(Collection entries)
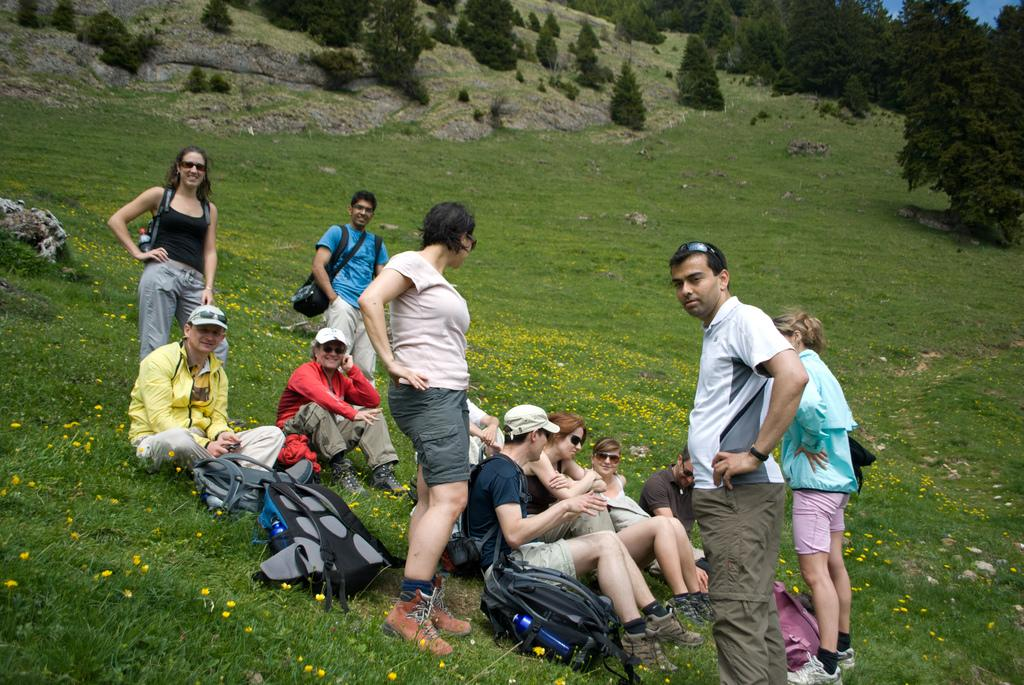What objects are present in the image? There are bags, grass, and flowers in the image. What are the people in the image doing? There are people sitting and standing in the image. What type of vegetation can be seen in the distance? There are trees visible in the distance. Can you see any jellyfish swimming in the grass in the image? No, there are no jellyfish present in the image, and jellyfish cannot swim in grass. Is there a pig visible in the image? No, there is no pig present in the image. 
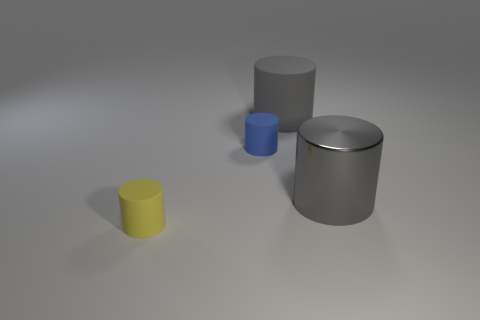Subtract 1 cylinders. How many cylinders are left? 3 Add 2 big gray metallic cylinders. How many objects exist? 6 Subtract 0 green cylinders. How many objects are left? 4 Subtract all small rubber cylinders. Subtract all gray things. How many objects are left? 0 Add 2 yellow rubber cylinders. How many yellow rubber cylinders are left? 3 Add 1 small blue things. How many small blue things exist? 2 
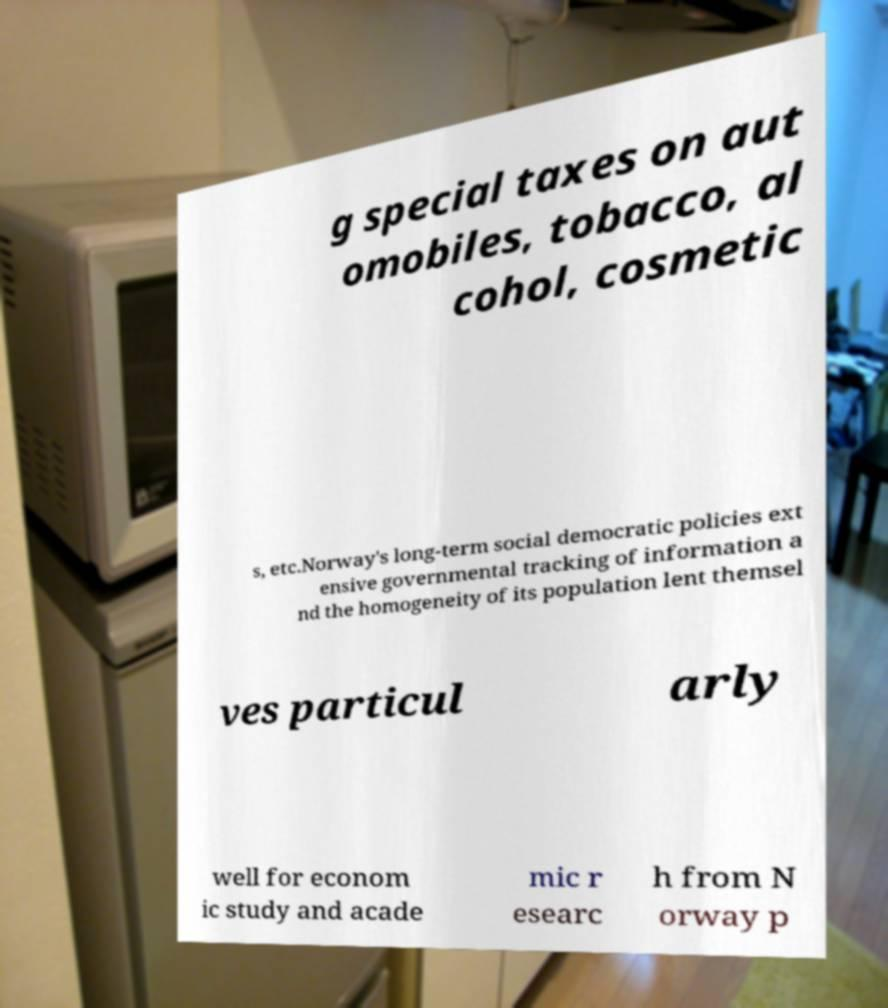There's text embedded in this image that I need extracted. Can you transcribe it verbatim? g special taxes on aut omobiles, tobacco, al cohol, cosmetic s, etc.Norway's long-term social democratic policies ext ensive governmental tracking of information a nd the homogeneity of its population lent themsel ves particul arly well for econom ic study and acade mic r esearc h from N orway p 
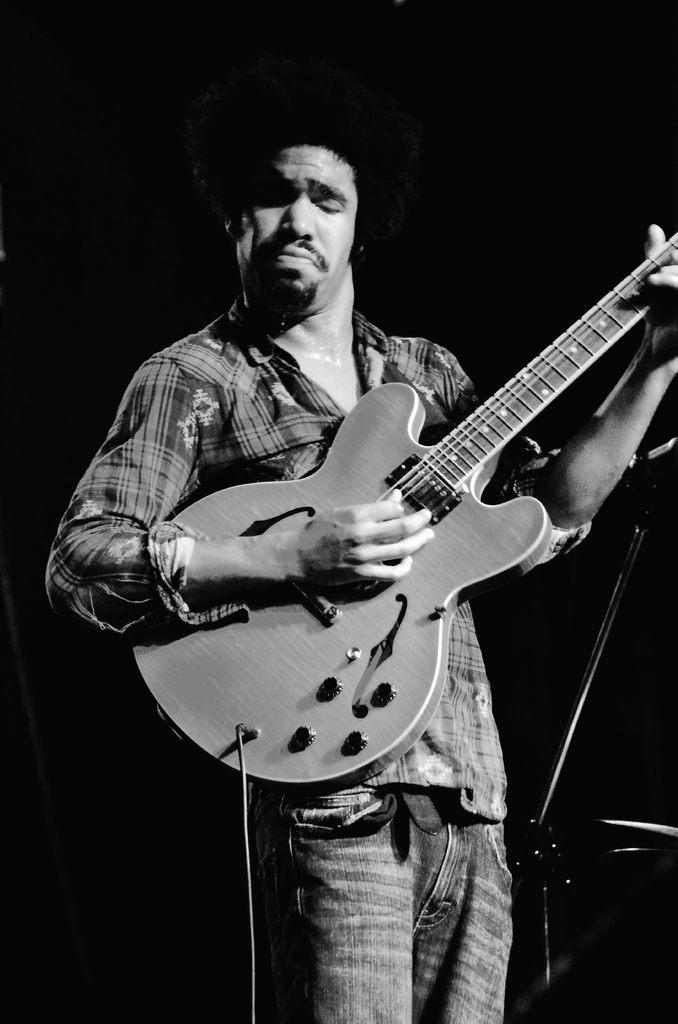What is the main subject of the image? The main subject of the image is a man. What is the man holding in the image? The man is holding a guitar in the image. What is the man doing with the guitar? The man is playing the guitar in the image. What type of disease is the man suffering from in the image? There is no indication of any disease in the image; the man is simply playing the guitar. 
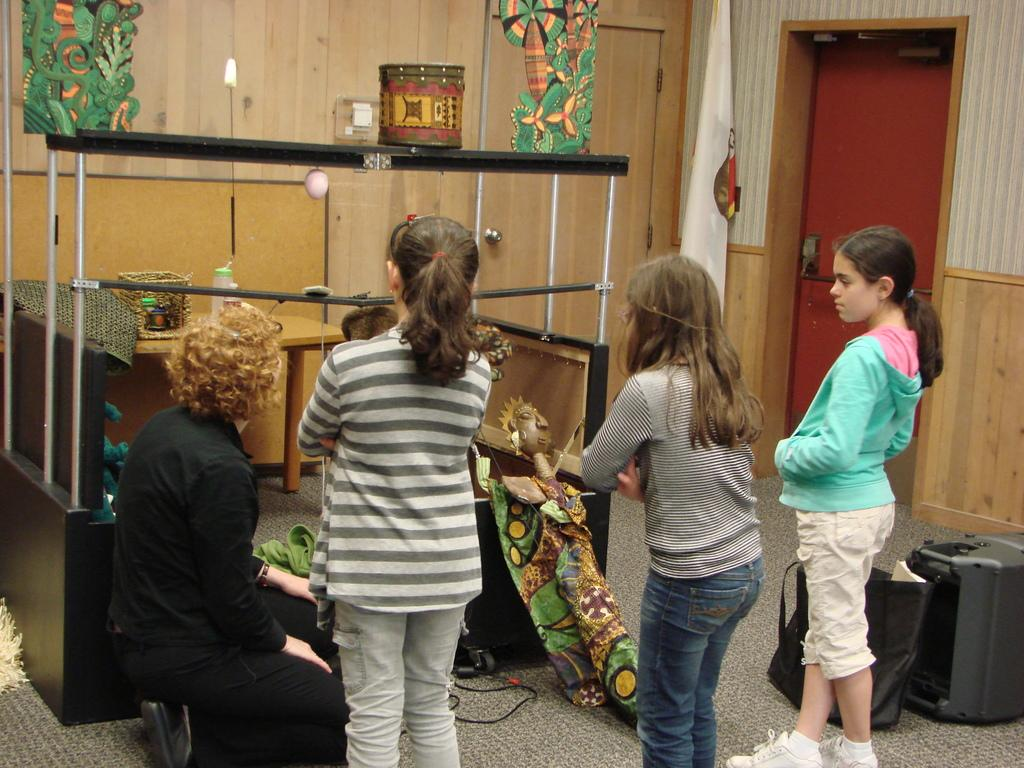What is located in the foreground of the image? There are people in the foreground of the image. What is in front of the people in the image? There are puppets in front of the people. What can be seen in the background of the image? There are doors, suitcases, and other objects in the background of the image. What rule is being enforced by the father in the image? There is no father present in the image, and no rule is being enforced. What type of paint is being used to decorate the puppets in the image? There is no paint or indication of painting on the puppets in the image. 
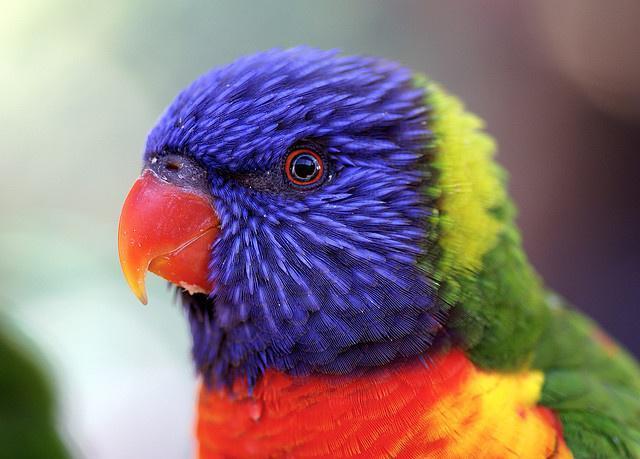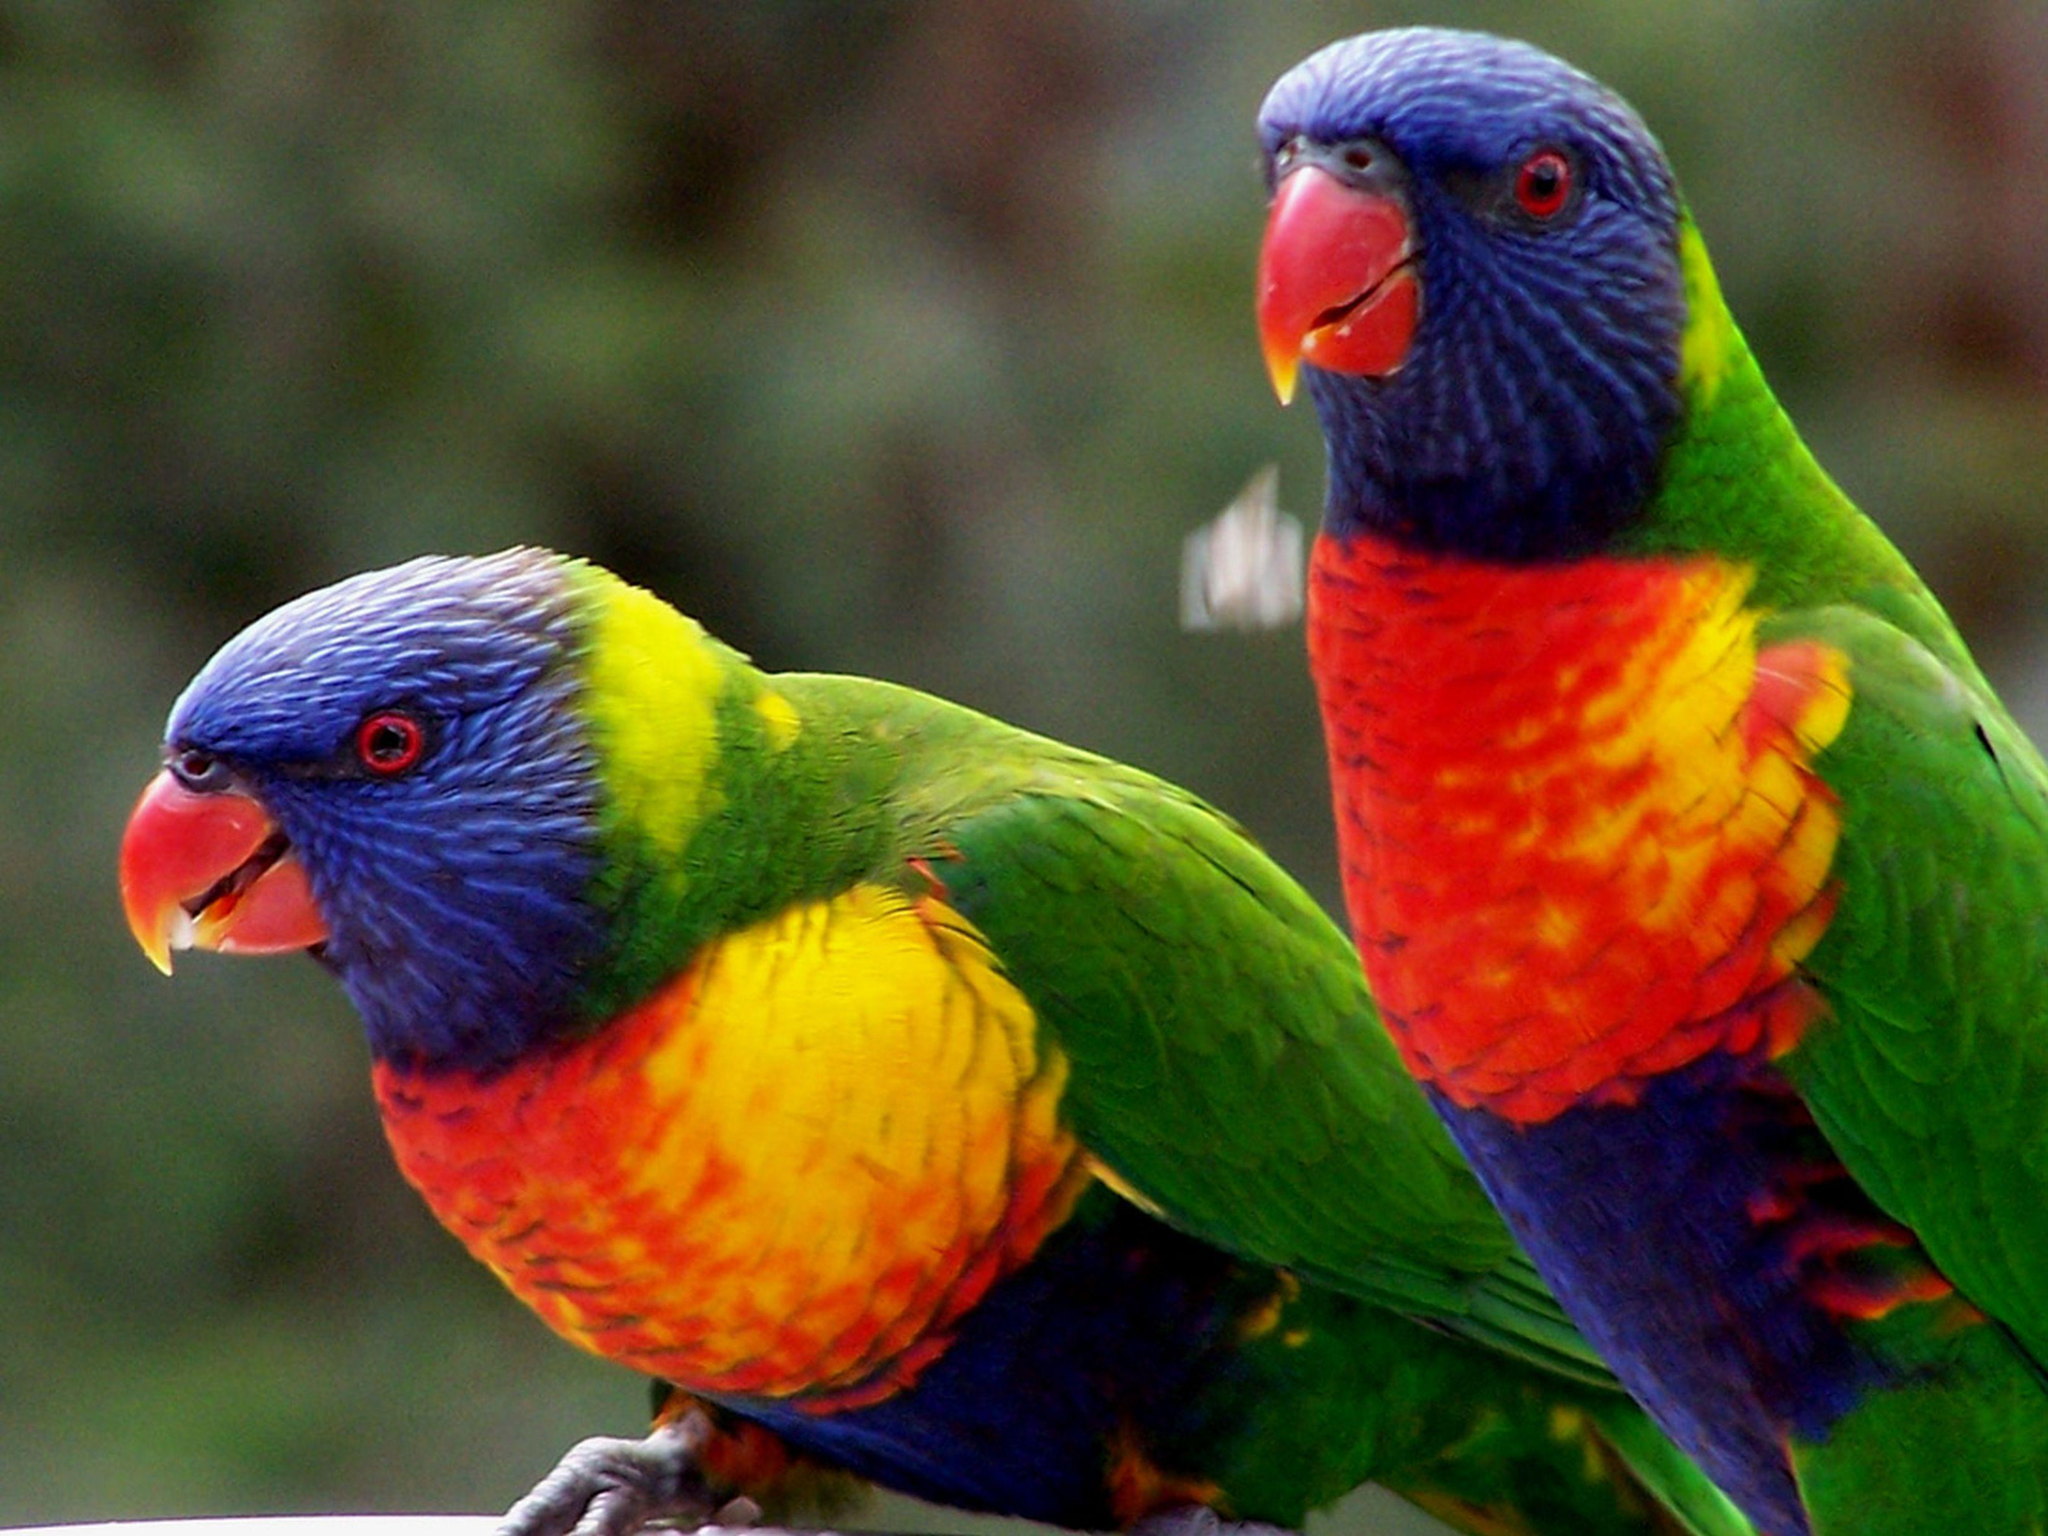The first image is the image on the left, the second image is the image on the right. Assess this claim about the two images: "At least two parrots are facing left.". Correct or not? Answer yes or no. Yes. The first image is the image on the left, the second image is the image on the right. For the images shown, is this caption "The left image includes twice as many parrots as the right image." true? Answer yes or no. No. 
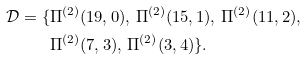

▶ [Problem to solve] All lines from the start of the entries through the one with "Subtract 1 cylinders." are to be output exactly; omit the pictures.

▶ [Exercise response]
What objects are present in the image? There are bags, grass, and flowers in the image. What are the people in the image doing? There are people sitting and standing in the image. What type of vegetation can be seen in the distance? There are trees visible in the distance. Can you see any jellyfish swimming in the grass in the image? No, there are no jellyfish present in the image, and jellyfish cannot swim in grass. Is there a pig visible in the image? No, there is no pig present in the image. 
Subtract 1 cylinders. How many cylinders are left? 3 Add 2 big gray metallic cylinders. How many objects exist? 6 Subtract 0 green cylinders. How many objects are left? 4 Subtract all small rubber cylinders. Subtract all gray things. How many objects are left? 0 Add 2 yellow rubber cylinders. How many yellow rubber cylinders are left? 3 Add 1 small blue things. How many small blue things exist? 2 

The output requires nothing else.